Like the afternoon they watched home videos on a dusty VHS player the staff dug up. The colors were faded, but the sound was clear—laughter, barking, the squeal of kids in sprinkler spray.
June reached for his hand and held it, as if the decades between that moment and now had melted away.
“I remember this feeling,” she whispered.
He squeezed back. “Me too.”
—
But the hardest days were still the quiet ones at home.
He began to forget the small things—where he left his keys, whether he’d taken his insulin. The notepad on the counter grew cluttered with scribbled reminders. But some days, even those were too late.
He once found himself in the pantry staring at a can of beans, unsure if he was supposed to be cooking them or putting them away.
When he sat down that evening, Lola nudged his leg with a quiet insistence.
He looked down.
“Don’t you start worrying about me now,” he muttered.
She didn’t move.
Just kept her eyes on him.
So he stood, made himself a sandwich, and ate it under her watchful gaze.
—
One morning, he woke up dizzy.
The floor pitched beneath him like a slow-moving boat. His legs buckled as he reached for the bathroom sink.

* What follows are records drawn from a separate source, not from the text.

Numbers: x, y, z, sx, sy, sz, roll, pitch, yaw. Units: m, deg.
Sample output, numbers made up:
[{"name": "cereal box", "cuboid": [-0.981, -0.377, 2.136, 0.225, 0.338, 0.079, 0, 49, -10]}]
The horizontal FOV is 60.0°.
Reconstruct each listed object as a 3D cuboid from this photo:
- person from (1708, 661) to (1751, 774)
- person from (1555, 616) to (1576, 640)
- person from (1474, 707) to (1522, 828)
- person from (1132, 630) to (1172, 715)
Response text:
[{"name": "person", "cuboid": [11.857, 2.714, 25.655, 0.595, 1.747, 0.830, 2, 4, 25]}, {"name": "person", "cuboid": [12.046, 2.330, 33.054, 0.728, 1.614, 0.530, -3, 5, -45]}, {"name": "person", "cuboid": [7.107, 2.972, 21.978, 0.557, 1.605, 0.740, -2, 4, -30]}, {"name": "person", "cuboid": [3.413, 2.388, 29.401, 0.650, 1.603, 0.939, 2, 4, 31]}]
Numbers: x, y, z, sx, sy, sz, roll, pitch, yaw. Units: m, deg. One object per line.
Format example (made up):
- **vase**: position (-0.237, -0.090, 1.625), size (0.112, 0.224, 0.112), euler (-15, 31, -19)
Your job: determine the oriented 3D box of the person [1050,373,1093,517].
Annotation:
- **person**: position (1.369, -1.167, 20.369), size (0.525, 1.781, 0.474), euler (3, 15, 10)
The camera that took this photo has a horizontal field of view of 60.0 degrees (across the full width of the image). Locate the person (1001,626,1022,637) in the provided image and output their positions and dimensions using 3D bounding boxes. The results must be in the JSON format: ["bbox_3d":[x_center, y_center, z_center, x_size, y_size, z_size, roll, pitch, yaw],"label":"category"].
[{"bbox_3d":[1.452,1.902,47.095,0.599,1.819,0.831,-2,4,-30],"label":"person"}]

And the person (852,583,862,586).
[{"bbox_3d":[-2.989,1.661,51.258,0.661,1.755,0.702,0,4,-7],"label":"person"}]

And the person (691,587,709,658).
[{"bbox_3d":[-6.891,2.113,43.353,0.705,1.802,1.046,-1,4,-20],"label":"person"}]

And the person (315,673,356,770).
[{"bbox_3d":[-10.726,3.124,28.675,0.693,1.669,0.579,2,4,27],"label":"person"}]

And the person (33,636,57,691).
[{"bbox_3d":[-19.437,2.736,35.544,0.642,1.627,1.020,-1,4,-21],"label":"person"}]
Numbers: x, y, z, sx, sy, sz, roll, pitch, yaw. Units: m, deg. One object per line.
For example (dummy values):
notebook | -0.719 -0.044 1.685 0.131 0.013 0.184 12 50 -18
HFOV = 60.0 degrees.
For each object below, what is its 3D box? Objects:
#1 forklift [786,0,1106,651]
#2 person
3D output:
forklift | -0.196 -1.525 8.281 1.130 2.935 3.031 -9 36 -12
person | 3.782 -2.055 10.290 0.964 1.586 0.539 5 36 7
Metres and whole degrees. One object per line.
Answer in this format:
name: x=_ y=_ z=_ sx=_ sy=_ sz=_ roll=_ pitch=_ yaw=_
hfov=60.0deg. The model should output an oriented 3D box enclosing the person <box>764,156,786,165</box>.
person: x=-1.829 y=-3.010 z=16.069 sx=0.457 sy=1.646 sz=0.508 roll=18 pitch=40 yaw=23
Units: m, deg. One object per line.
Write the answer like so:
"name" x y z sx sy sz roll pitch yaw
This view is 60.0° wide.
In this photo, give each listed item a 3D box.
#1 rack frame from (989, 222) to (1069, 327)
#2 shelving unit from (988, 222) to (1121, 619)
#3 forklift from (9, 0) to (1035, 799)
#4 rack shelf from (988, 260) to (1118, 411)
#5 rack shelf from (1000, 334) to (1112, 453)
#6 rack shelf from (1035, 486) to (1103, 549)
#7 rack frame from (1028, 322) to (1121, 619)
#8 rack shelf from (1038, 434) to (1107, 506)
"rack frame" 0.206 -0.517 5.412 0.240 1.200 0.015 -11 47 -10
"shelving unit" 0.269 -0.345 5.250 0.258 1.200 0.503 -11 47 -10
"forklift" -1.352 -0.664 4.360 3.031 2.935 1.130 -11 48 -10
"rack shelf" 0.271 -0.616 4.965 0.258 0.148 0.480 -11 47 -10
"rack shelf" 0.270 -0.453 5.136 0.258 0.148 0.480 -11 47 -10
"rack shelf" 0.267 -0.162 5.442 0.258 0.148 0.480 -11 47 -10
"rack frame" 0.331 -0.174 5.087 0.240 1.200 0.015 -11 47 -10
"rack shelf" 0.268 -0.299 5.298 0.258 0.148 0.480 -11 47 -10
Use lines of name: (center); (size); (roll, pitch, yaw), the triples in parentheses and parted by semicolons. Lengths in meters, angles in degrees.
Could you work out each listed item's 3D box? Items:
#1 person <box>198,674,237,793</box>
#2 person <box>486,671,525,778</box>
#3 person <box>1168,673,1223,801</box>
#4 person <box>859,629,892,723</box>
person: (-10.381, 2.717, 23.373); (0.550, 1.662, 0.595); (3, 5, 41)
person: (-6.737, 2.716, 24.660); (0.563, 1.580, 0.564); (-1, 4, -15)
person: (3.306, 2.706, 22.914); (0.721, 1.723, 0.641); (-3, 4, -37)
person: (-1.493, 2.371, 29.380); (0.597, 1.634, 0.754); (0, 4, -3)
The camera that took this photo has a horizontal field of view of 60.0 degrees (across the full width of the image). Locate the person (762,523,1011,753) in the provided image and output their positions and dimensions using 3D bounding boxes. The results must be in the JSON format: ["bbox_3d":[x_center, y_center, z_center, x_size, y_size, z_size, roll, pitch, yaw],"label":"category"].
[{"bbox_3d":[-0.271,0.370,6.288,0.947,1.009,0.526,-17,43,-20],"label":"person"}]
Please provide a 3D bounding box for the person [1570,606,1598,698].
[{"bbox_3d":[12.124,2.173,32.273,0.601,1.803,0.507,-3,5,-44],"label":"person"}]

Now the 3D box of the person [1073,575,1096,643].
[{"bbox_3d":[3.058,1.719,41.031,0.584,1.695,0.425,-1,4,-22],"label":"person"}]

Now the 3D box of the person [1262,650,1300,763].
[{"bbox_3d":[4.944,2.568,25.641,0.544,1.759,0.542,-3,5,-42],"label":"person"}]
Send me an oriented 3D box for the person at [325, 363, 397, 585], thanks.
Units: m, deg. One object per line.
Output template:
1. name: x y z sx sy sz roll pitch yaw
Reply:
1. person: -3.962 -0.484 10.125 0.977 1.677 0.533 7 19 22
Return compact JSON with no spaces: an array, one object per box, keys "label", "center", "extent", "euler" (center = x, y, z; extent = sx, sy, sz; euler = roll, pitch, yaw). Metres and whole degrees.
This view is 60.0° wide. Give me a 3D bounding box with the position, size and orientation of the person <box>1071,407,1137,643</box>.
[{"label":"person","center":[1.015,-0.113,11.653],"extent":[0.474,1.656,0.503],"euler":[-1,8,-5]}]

When the world steadied, he took his sugar reading.
Too low.
Again.
He sat on the tile, head against the wall, breathing like he’d run a mile.
Lola padded in, laid down beside him.
He reached over and rested a hand on her shoulder.
“Don’t tell anyone,” he whispered. “I’m still alright.”
But he wasn’t.
—
A week later, while walking through the frozen lot toward the nursing home, he stumbled.
Not a dramatic fall—just a knee giving way, a hand scraping on the ground.
The staff rushed over.
He waved them off.
“Just tired,” he lied.
But when he sat in June’s room, she tilted her head and said, “Your face looks different.”
He smiled faintly. “Yours still looks better than mine.”
She didn’t laugh.
Instead, she said something that cut him straight through.
“I don’t want to lose you, too.”
He looked away.
Tried to breathe.
“I’m not going anywhere,” he said.
And then he added, softer, “Not yet.”
—
That night, back home, he opened the small cedar box by his bed. Inside were Marjorie’s letters, yellowed and soft at the edges.
One caught his eye.
It wasn’t from her.
It was from June.
Folded twice, written in pencil.
1963.
He unfolded it with shaking hands.
“Walt,
If you ever feel lost—if the world gets too quiet—promise me you’ll find someone who reminds you to smile. I think you’ll know them when you see them.
Love,
June”
He read it three times.
Then he looked at Lola.
And smiled.
“You did it, girl,” he whispered. “You brought me back.”
—
The following morning, he wrote a note of his own.
Folded it carefully.
Slipped it into a plastic sleeve.
And slid it into Lola’s collar, beneath the tag.
“If found,” it read,
“please remind her that I kept my promise.”
—
But that night, as he lay in bed, listening to the wind against the windows and the soft snore of the dog beside him, he wondered something for the first time:
If he didn’t wake up tomorrow, would anyone know what this life had meant?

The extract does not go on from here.